Let’s go on a nostalgia trip. This is the first instalment of a journey through the ’80s. These songs represent moments in time; they are not necessarily the best songs of the year, nor my favourites (neither then nor now). These songs evoke for me the feeling of the time, they recreate a time the way a smell might, or taste or photo (like the one on the right, taken in January 1980 on a visit to Finsterwalde in East Germany).

Rainbow – Since You Been Gone.mp3
There were two versions out at the time (both covers themselves). This was one, the other was by the Cherrie sisters, one of whom was in the Runaways.

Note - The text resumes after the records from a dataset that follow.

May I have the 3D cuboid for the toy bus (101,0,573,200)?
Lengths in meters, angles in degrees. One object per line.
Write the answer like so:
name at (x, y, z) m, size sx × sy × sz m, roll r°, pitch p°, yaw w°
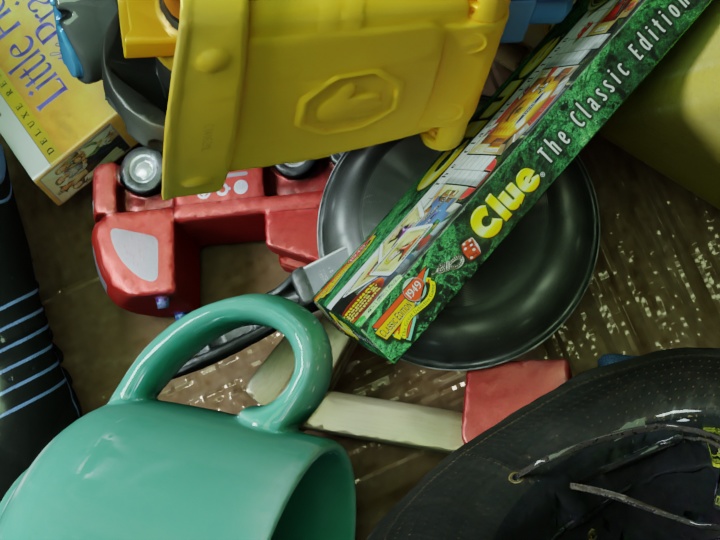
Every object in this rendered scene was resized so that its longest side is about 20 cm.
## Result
toy bus at (-0.004, -0.142, 0.684) m, size 0.190 × 0.136 × 0.202 m, roll -7°, pitch 63°, yaw -11°

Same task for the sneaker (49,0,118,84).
sneaker at (-0.101, -0.170, 0.802) m, size 0.081 × 0.073 × 0.202 m, roll -11°, pitch 66°, yaw -7°

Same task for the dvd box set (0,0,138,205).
dvd box set at (-0.096, -0.143, 0.836) m, size 0.199 × 0.029 × 0.147 m, roll -38°, pitch 61°, yaw 0°

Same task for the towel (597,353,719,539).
towel at (0.180, 0.095, 0.730) m, size 0.198 × 0.049 × 0.113 m, roll 6°, pitch 76°, yaw 12°

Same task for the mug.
mug at (-0.074, 0.114, 0.722) m, size 0.113 × 0.153 × 0.186 m, roll 12°, pitch 56°, yaw 15°

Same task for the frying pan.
frying pan at (0.001, -0.017, 0.751) m, size 0.188 × 0.031 × 0.116 m, roll -2°, pitch 75°, yaw 5°

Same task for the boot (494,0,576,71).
boot at (0.121, -0.146, 0.789) m, size 0.198 × 0.073 × 0.157 m, roll 20°, pitch 80°, yaw 16°

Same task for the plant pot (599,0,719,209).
plant pot at (0.221, -0.087, 0.663) m, size 0.199 × 0.176 × 0.201 m, roll 32°, pitch 93°, yaw 1°

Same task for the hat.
hat at (0.101, 0.110, 0.656) m, size 0.198 × 0.201 × 0.082 m, roll -12°, pitch 116°, yaw 7°

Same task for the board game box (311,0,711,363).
board game box at (0.062, -0.053, 0.681) m, size 0.023 × 0.105 × 0.200 m, roll 42°, pitch 85°, yaw -8°

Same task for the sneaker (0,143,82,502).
sneaker at (-0.157, 0.039, 0.790) m, size 0.070 × 0.077 × 0.202 m, roll -14°, pitch 69°, yaw 45°

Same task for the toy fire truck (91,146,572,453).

I had both singles, and actually preferred the Cherries’ one. Had Richie Blackmore been a hot blonde woman, on the other hand…

Marianne Faithfull – The Ballad Of Lucy Jordan.mp3
One of two songs that appeared in 1979 about middle-age women committing suicide (the song was the Boomtown Rats excellent “Diamond Smile”). This one became a hit in Germany only in 1980. I didn’t quite understand the song — still don’t. Kill yourself because you’ll never drive a sports car in Paris with the warm wind blowing in your hair? If only that was the extent of my problems! You have children, of school-going age; pull yourself together, Luce!

New Musik – Living By Numbers.mp3
I seem to recall that I bought the 7″ single the same day I bought “My Sharona” by the Knack. It’s still a favourite song, and I still can’t get the different “They don’t want your name” voices right.

Dexys Midnight Runners – Geno.mp3
My favourite song of 1980, then and now. The two-tone cover of the single was cool, the song beyond cool, with the horns and Kevin Rowland’s strange voice. I don’t think I had ever heard anything quite like it before.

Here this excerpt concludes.